(Problem requirements): Below is a listing with pictures. Repeat exactly the lines starting at the one holding "Answer yes or no. No. Is Light" and going on through the one holding "<formula> <loc_0><loc_0><loc_500><loc_500>\int _", and leave every picture out.
● ● ●
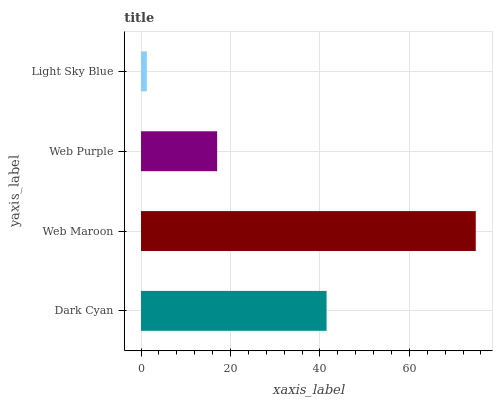Is Light Sky Blue the minimum?
Answer yes or no. Yes. Is Web Maroon the maximum?
Answer yes or no. Yes. Is Web Purple the minimum?
Answer yes or no. No. Is Web Purple the maximum?
Answer yes or no. No. Is Web Maroon greater than Web Purple?
Answer yes or no. Yes. Is Web Purple less than Web Maroon?
Answer yes or no. Yes. Is Web Purple greater than Web Maroon?
Answer yes or no. No. Is Web Maroon less than Web Purple?
Answer yes or no. No. Is Dark Cyan the high median?
Answer yes or no. Yes. Is Web Purple the low median?
Answer yes or no. Yes. Is Web Maroon the high median?
Answer yes or no. No. Is Light Sky Blue the low median?
Answer yes or no. No. 
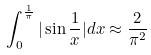<formula> <loc_0><loc_0><loc_500><loc_500>\int _ { 0 } ^ { \frac { 1 } { \pi } } | \sin \frac { 1 } { x } | d x \approx \frac { 2 } { \pi ^ { 2 } }</formula> 
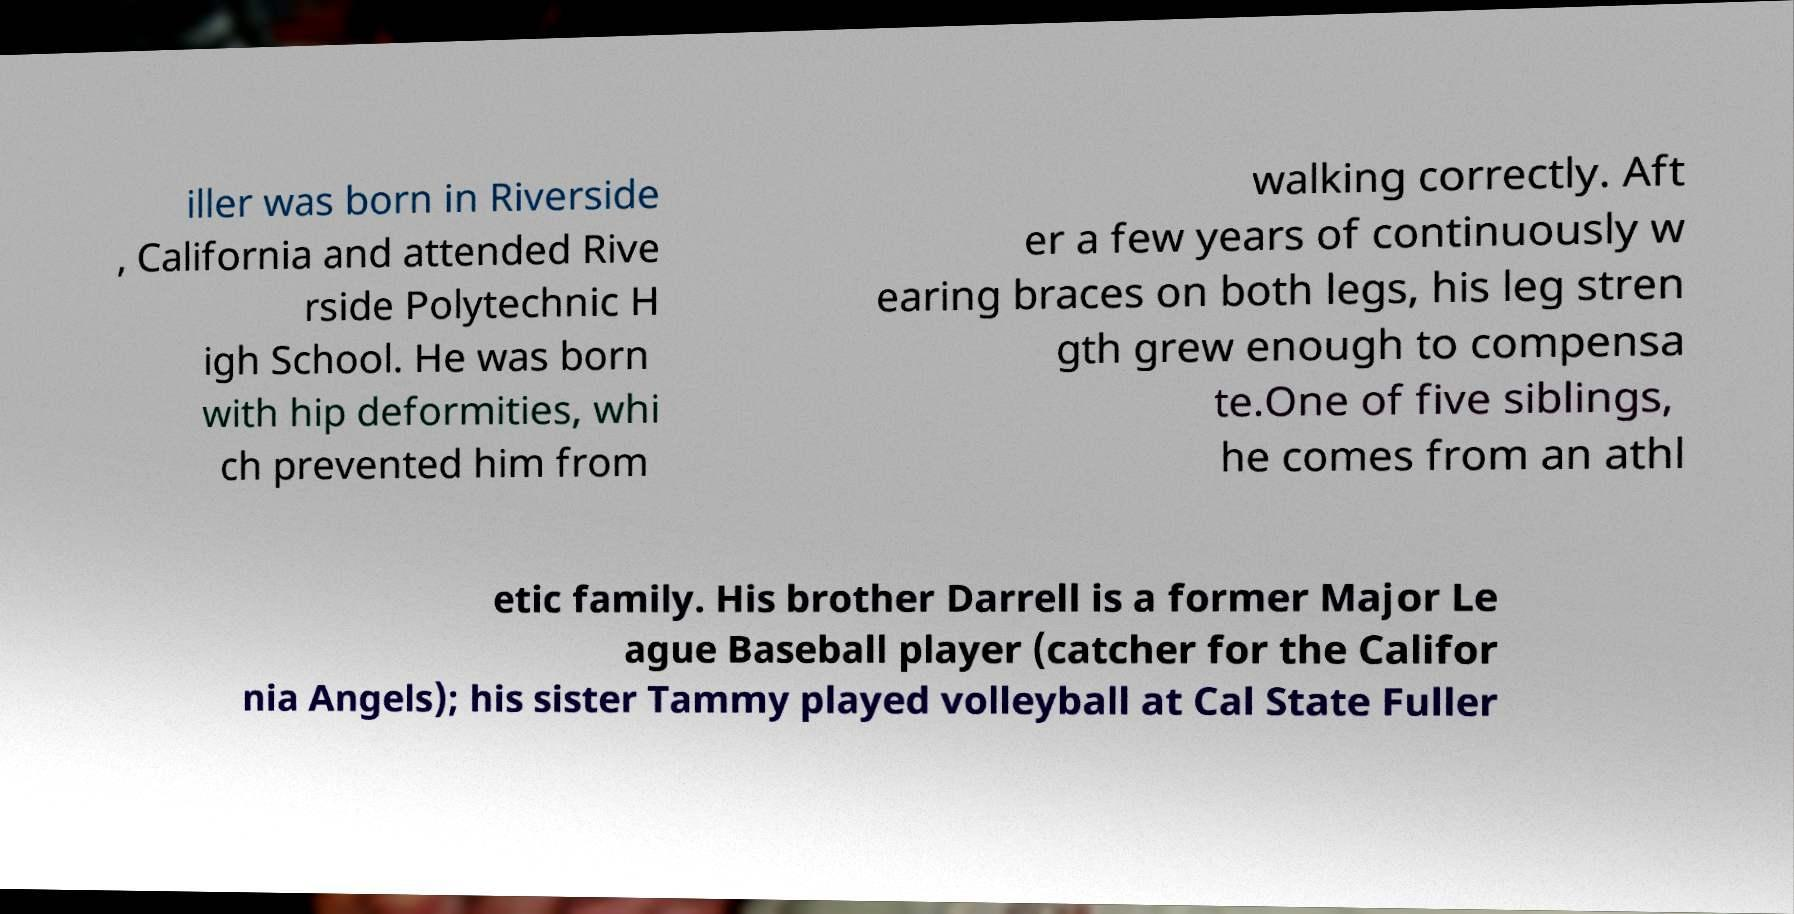Could you extract and type out the text from this image? iller was born in Riverside , California and attended Rive rside Polytechnic H igh School. He was born with hip deformities, whi ch prevented him from walking correctly. Aft er a few years of continuously w earing braces on both legs, his leg stren gth grew enough to compensa te.One of five siblings, he comes from an athl etic family. His brother Darrell is a former Major Le ague Baseball player (catcher for the Califor nia Angels); his sister Tammy played volleyball at Cal State Fuller
● ● ●
(Response below):
Answer yes or no. No. Is Light Sky Blue the low median?
Answer yes or no. No. 
<formula> <loc_0><loc_0><loc_500><loc_500>\int _ { 0 } ^ { \frac { 1 } { \pi } } | \sin \frac { 1 } { x } | d x \approx \frac { 2 } { \pi ^ { 2 } }</formula> 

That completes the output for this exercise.